# The wether report:  Scours, with tinge of blood.



## cmjust0 (Sep 30, 2009)

So, my wife calls yesterday and said her beloved wether was scouring.  Color?  "Greenish brown."  Consistency? "Pretty runny."  Runny, or watery?  "Runny, I guess."  Blood?  "Not that I could see"

Dietary.  He'll be fine.  Just keep an eye on him, not much to really worry about unless it goes watery, mucousy, bloody, etc..

She calls back later..."Now it's watery."  Color?  "Yellowish"  Blood?  "Yeah, a little bit.  I'm really worried about him.  He's grinding his teeth and doesn't want to be fooled with.  He went into the barn and is standing there by himself."

Well...crap.

Blood and yellow water, to me, warrants treatment, so I ask her to drench him with about 12ml of Di-Methox 40% injectable, which she does.  

I'm a little worried myself at this point...that was awfully quick, because he was FINE yesterday..  I'm thinking bacterial.  Salmonella?  E.coli?  Cl. Perf?

She calls back after the di-methox to see what else she can do, so I ask if she thinks she can get about 1.5ml of banamine in him, delivered IM...to relax the gut, bring down a fever (if any), and knock the pain down a little.

"Um..  By myself?" she says..  That means no.  I can understand that, as I somehow wound up being the "the shots guy" and this wether probably weighs 175lbs.  So...I leave work about an hour and a half early.  

I stopped at TSC on the way home and picked up a bottle of C & D antitoxin, just in case, even though he just had a C/D-T booster 6mo ago..  I also grabbed some electrolytes.
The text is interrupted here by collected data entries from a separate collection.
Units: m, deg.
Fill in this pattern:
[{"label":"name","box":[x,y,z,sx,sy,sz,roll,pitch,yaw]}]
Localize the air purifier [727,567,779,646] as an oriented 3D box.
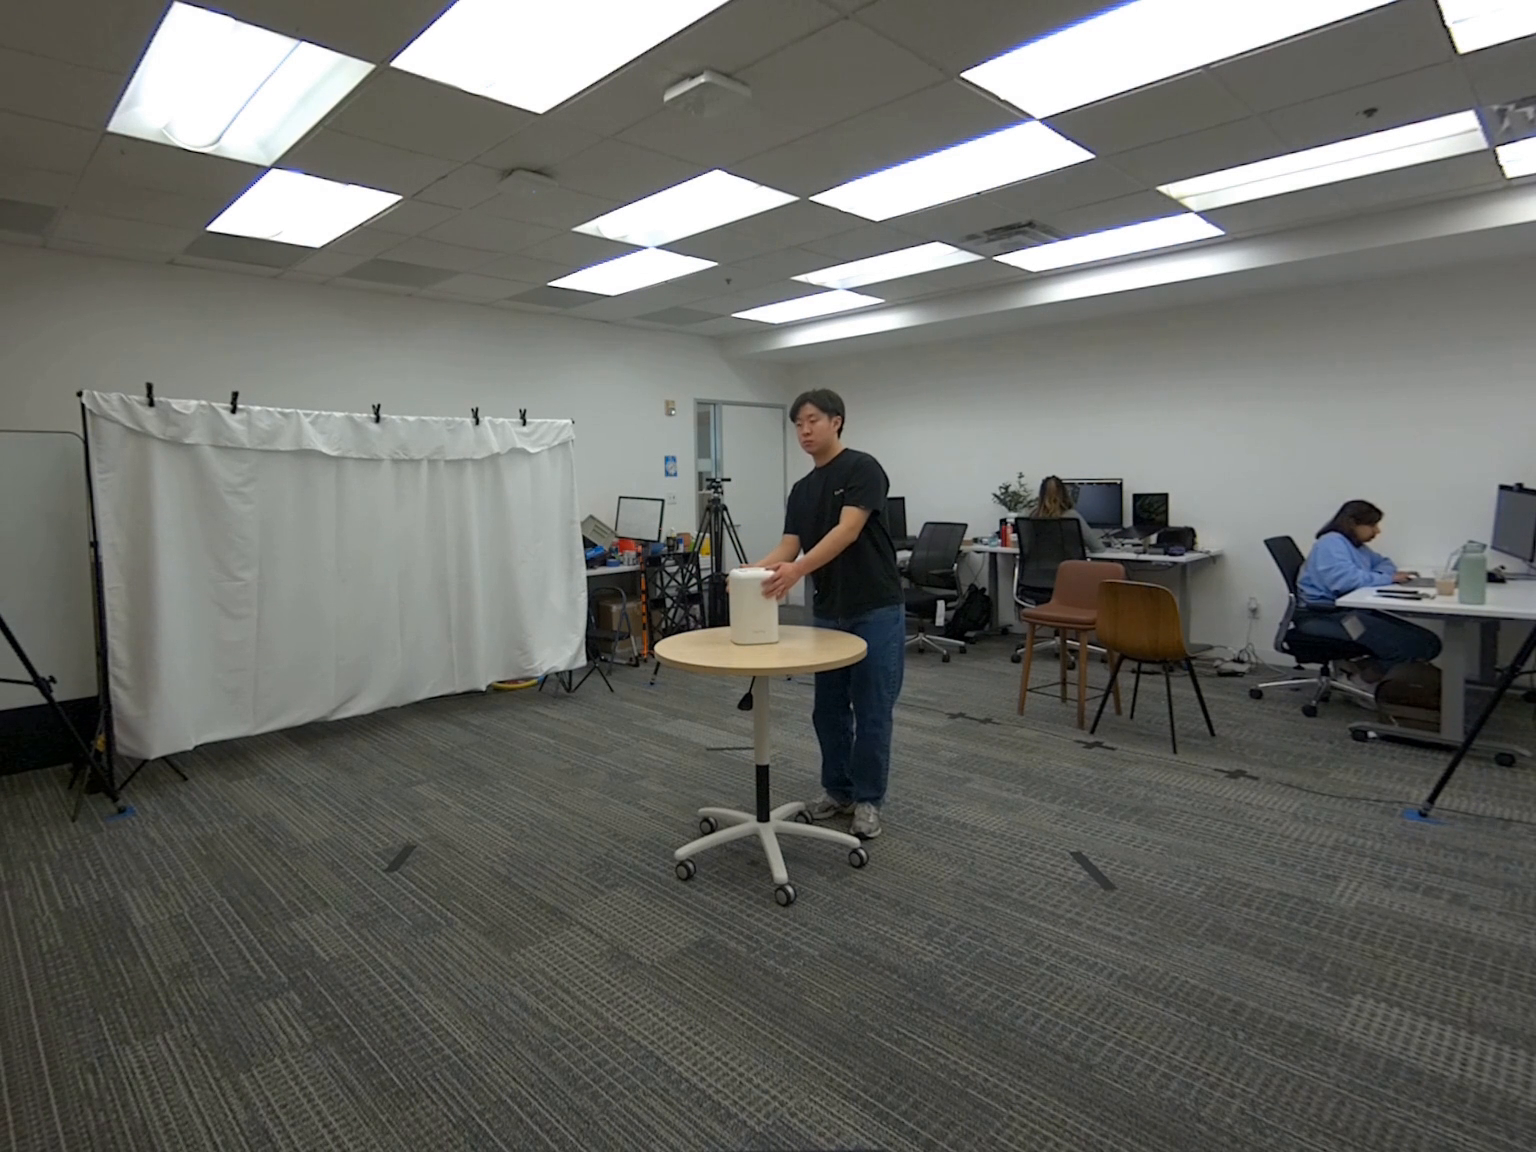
[{"label":"air purifier","box":[-0.053,0.109,3.159,0.170,0.264,0.173,0,4,-5]}]
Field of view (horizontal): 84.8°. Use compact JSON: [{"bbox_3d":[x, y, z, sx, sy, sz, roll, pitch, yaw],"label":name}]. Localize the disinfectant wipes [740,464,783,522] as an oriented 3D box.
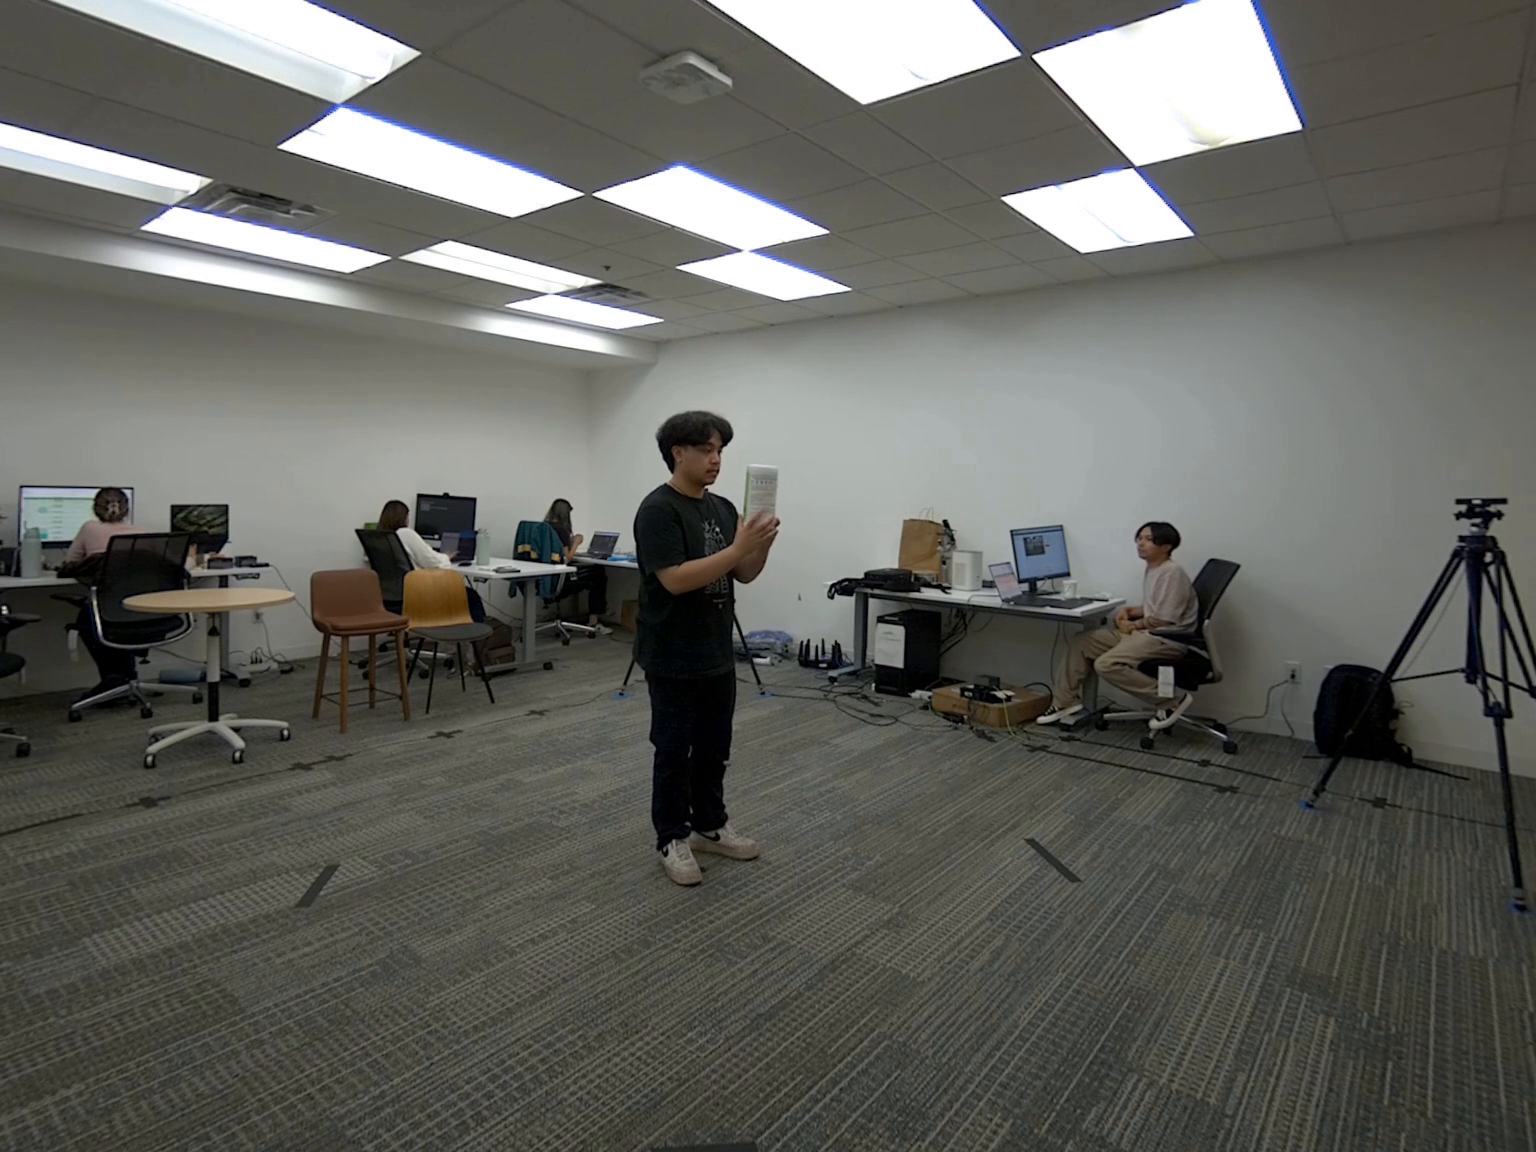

As I pull up at the house, I'm expecting to see everyone else out grazing with him laid up in the barn and my wife holding vigil...but no...he's out with the herd.  Grazing.  When I walk over, he comes to greet me with the rest of them. 

Hmm..  :/

He has a poopy butt, but all I see is green sludge.  He goes to poo again and the tiniest bit of water comes out.  I was pretty relieved, but my wife was still really upset.  She showed me the blood she wiped off his bum, but I didn't know if it was from straining or toxin or what..  

Oh well...he's getting banamine anyway, and pepto, if only because I didn't leave work early for nothing.  

First try with banamine, he goes sauntering off with a syringe dangling out of his neck/shoulder area...it falls out, needle goes in dirt.  New needle, try again.  Blow new needle off syringe, banamine right in the eye...MY eye.  That stings.  Try three, switch to luer lock syringe and put his ass in the stanchion.  No sweat this time (imagine that)..  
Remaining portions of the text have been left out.